External beam radiotherapy plus brachytherapy boost and androgen deprivation therapy outperformed other modalities in a retrospective study.
The management of patients with high-risk localized prostate cancer typically requires multimodality therapy. However, the optimal approach remains undefined.
To address this issue, investigators conducted an international, retrospective cohort study involving 1809 men treated for high-risk prostate cancer (Gleason score, 9–10) between 2000 and 2013. Of these patients, 639 underwent radical prostatectomy (RP), 734 underwent external beam radiotherapy (EBRT), and 436 underwent EBRT plus brachytherapy boost (EBRT+BT). Most EBRT and EBRT+BT patients received androgen deprivation therapy (ADT; 89.5% and 92.4%, respectively), but EBRT+BT patients had a shorter median duration of ADT than did EBRT patients (12.0 vs. 21.9 months; P<0.001).

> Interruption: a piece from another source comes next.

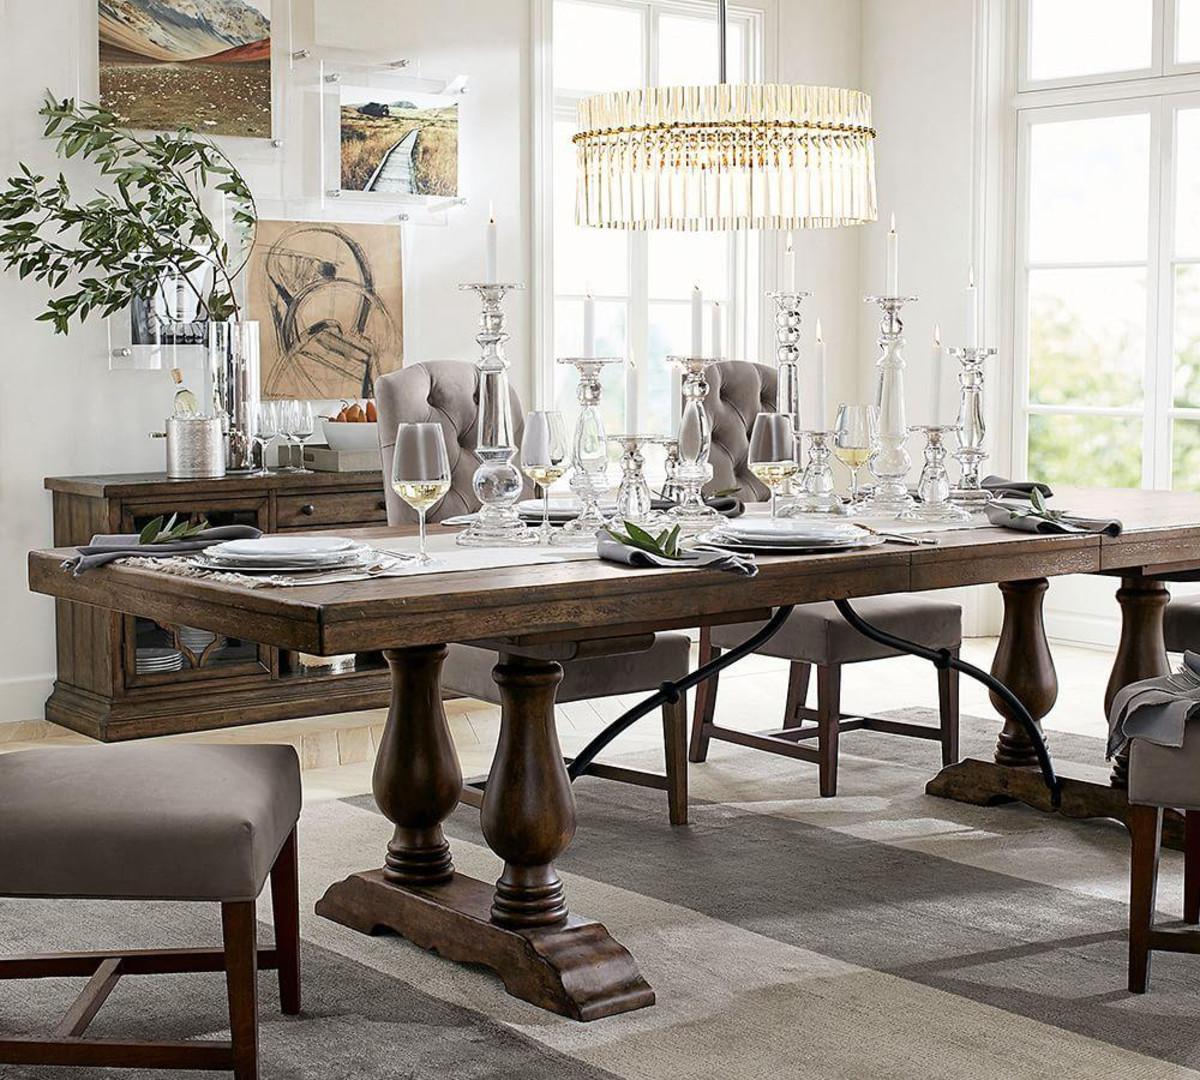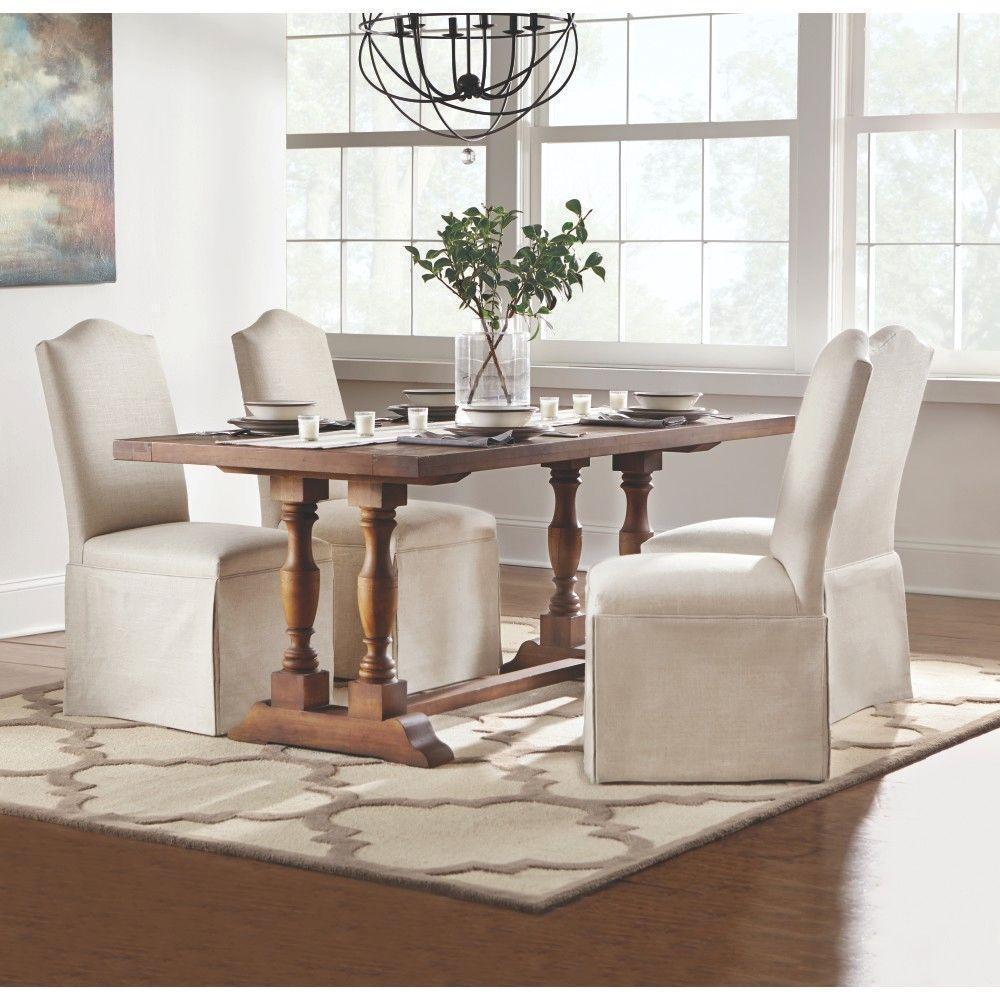The first image is the image on the left, the second image is the image on the right. For the images shown, is this caption "A plant is sitting on the table in the image on the left." true? Answer yes or no. No. 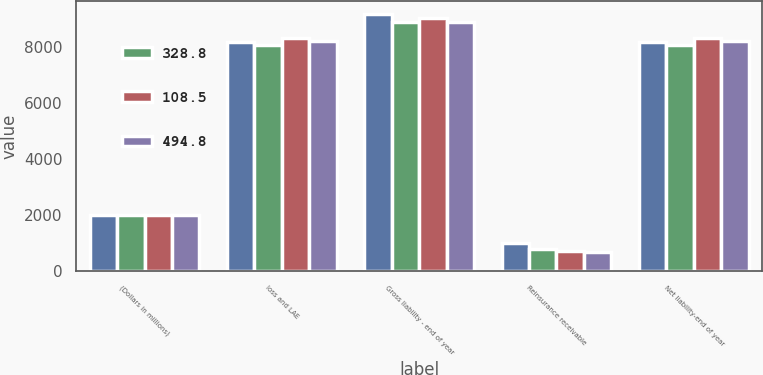<chart> <loc_0><loc_0><loc_500><loc_500><stacked_bar_chart><ecel><fcel>(Dollars in millions)<fcel>loss and LAE<fcel>Gross liability - end of year<fcel>Reinsurance receivable<fcel>Net liability-end of year<nl><fcel>nan<fcel>2005<fcel>8175.4<fcel>9175.1<fcel>999.7<fcel>8175.4<nl><fcel>328.8<fcel>2006<fcel>8078.9<fcel>8888<fcel>809.1<fcel>8078.9<nl><fcel>108.5<fcel>2007<fcel>8324.7<fcel>9032.2<fcel>707.4<fcel>8324.7<nl><fcel>494.8<fcel>2008<fcel>8214.7<fcel>8905.9<fcel>691.2<fcel>8214.7<nl></chart>

The 5-year incidence rates of prostate cancer–specific mortality (the primary outcome) for RP, EBRT, and EBRT+BT were 10%, 11%, and 3%, respectively; EBRT+BT was associated with a significantly reduced risk for prostate cancer–specific mortality compared with RP or EBRT (P<0.001). Adjusted 5-year incidence rates of distant metastases for RP, EBRT, and EBRT+BT were 24%, 24%, and 8%, respectively. No significant differences in prostate cancer–specific mortality, distant metastasis, or all-cause mortality were found between EBRT and RP.
COMMENT: Given the retrospective design of this study, the authors acknowledge that it cannot adequately capture comorbidity issues that complicate comparisons between EBRT and EBRT+BT. In addition, toxicity and patient-reported outcomes were not available. Despite these limitations, the results are provocative and may inform practice, as prospective testing in this narrow disease subset will never be conducted.
CITATION(S): Kishan AU et al. Radical prostatectomy, external beam radiotherapy, or external beam radiotherapy with brachytherapy boost and disease progression and mortality in patients with Gleason score 9–10 prostate cancer. JAMA 2018 Mar 6; 319:896.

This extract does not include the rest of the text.